▸ **Exercise objective**
Retype exactly the lines below, starting with the line that contains "An invented example" and ending with the last line; leave out any pictures.

Input data below:

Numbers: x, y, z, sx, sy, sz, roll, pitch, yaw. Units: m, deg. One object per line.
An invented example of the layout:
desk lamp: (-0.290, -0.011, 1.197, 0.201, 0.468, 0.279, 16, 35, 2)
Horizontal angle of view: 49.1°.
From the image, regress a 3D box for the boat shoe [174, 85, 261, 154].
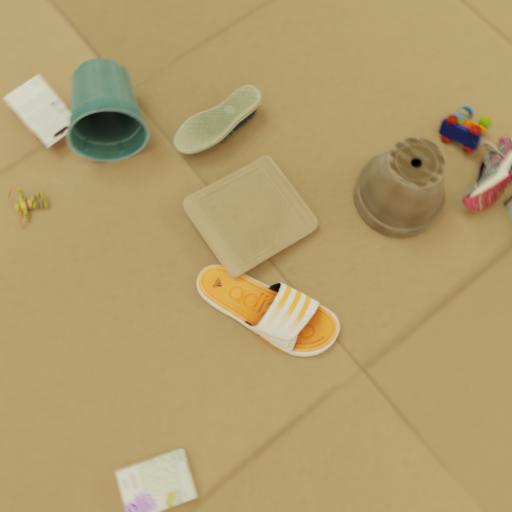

End of Input data.

▸ **Task response**
An invented example of the layout:
desk lamp: (-0.290, -0.011, 1.197, 0.201, 0.468, 0.279, 16, 35, 2)
Horizontal angle of view: 49.1°.
From the image, regress a 3D box for the boat shoe [174, 85, 261, 154].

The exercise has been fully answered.